Batch cooking: come mejor, cocina menos
Escrito por la redacción de THE MOTHERS.
Cocinar una vez para toda la semana ya no es cosa de expertos en organización. El batch cooking se ha convertido en uno de los fenómenos culinarios más populares entre las familias ¿por qué? Este método, popularizado gracias a las redes sociales, permite ahorrar tiempo, comer mejor y reducir el estrés diario que supone tener que pensar qué comer o cenar cada día. Lo analizamos.
De costumbre tradicional a fenómeno viral
Durante años, la organización semanal de las comidas estuvo asociada a una rutina doméstica casi invisible. Sin nombre, sin tendencia y sin vídeos virales. Muchas familias ya cocinaban grandes cantidades de lentejas, sofritos o croquetas para varios días, pero el fenómeno del batch cooking ha transformado esa costumbre tradicional en un método estructurado y adaptado a la vida moderna.
El término comenzó a popularizarse en Francia y Estados Unidos antes de expandirse por Europa impulsado por blogs de cocina, nutricionistas e influencers especializados en organización doméstica. En nuestro país, su auge llegó especialmente después de la pandemia, cuando muchas personas redescubrieron la cocina casera y empezaron a replantearse su forma de alimentarse.

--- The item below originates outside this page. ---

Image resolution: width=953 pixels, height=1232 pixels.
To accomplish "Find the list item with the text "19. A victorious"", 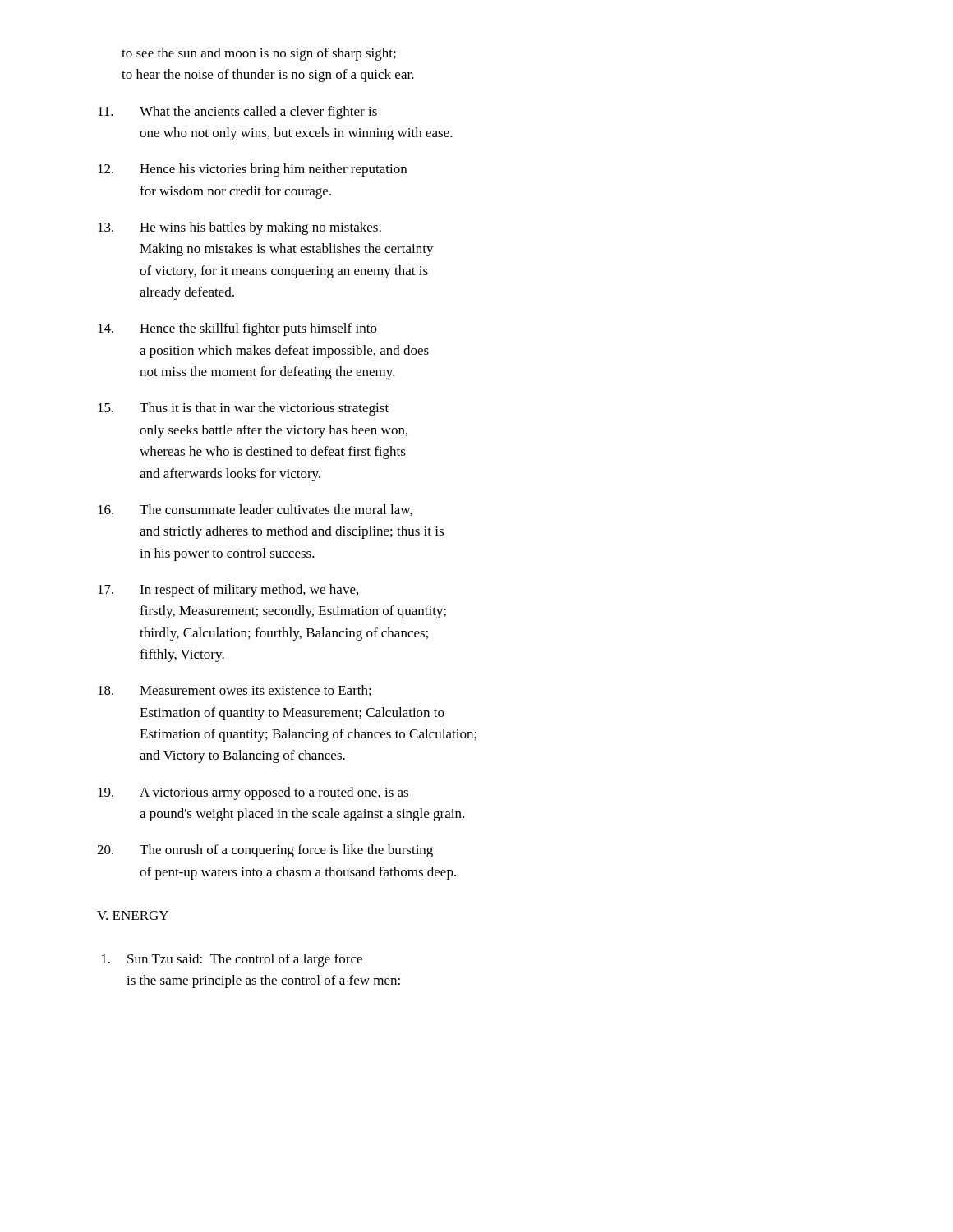I will (352, 803).

El principio es simple: cocinar en una sola sesión semanal diferentes ingredientes y preparaciones que después puedan combinarse fácilmente
El principio del bach cooking es simple: cocinar en una sola sesión semanal diferentes ingredientes y preparaciones que después puedan combinarse fácilmente. Verduras asadas, arroz, legumbres cocidas, pollo al horno, cremas, salsas o huevos cocidos se convierten en la base de menús rápidos para toda la semana.
Ventajas del batch cooking
La gran diferencia frente a cocinar a diario no es solo el ahorro de tiempo. También cambia la relación con la comida. El batch cooking reduce la improvisación, evita recurrir constantemente a productos ultraprocesados y facilita mantener una alimentación más equilibrada, incluso en semanas complicadas.
Además del tiempo, el ahorro económico es otro de los factores clave. Planificar menús y comprar con antelación reduce considerablemente el desperdicio alimentario, uno de los grandes problemas actuales en los hogares europeos. Cocinar por bloques también permite aprovechar mejor los ingredientes y controlar más fácilmente el presupuesto semanal.
Tendencia en redes
Las redes sociales han contribuido enormemente a popularizar el fenómeno. En TikTok, Instagram o YouTube se multiplican los vídeos con neveras perfectamente organizadas, menús semanales y recetas listas en pocos minutos. Sin embargo, más allá de la estética, el éxito del batch cooking responde a una necesidad muy real: simplificar la vida cotidiana.
Nutricionistas y expertos en alimentación valoran especialmente su capacidad para fomentar hábitos más saludables. Tener platos preparados o ingredientes listos reduce la dependencia de comida rápida y favorece una dieta más variada. Aun así, insisten en que el objetivo no debe ser alcanzar una organización perfecta, sino encontrar una rutina sostenible para cada familia.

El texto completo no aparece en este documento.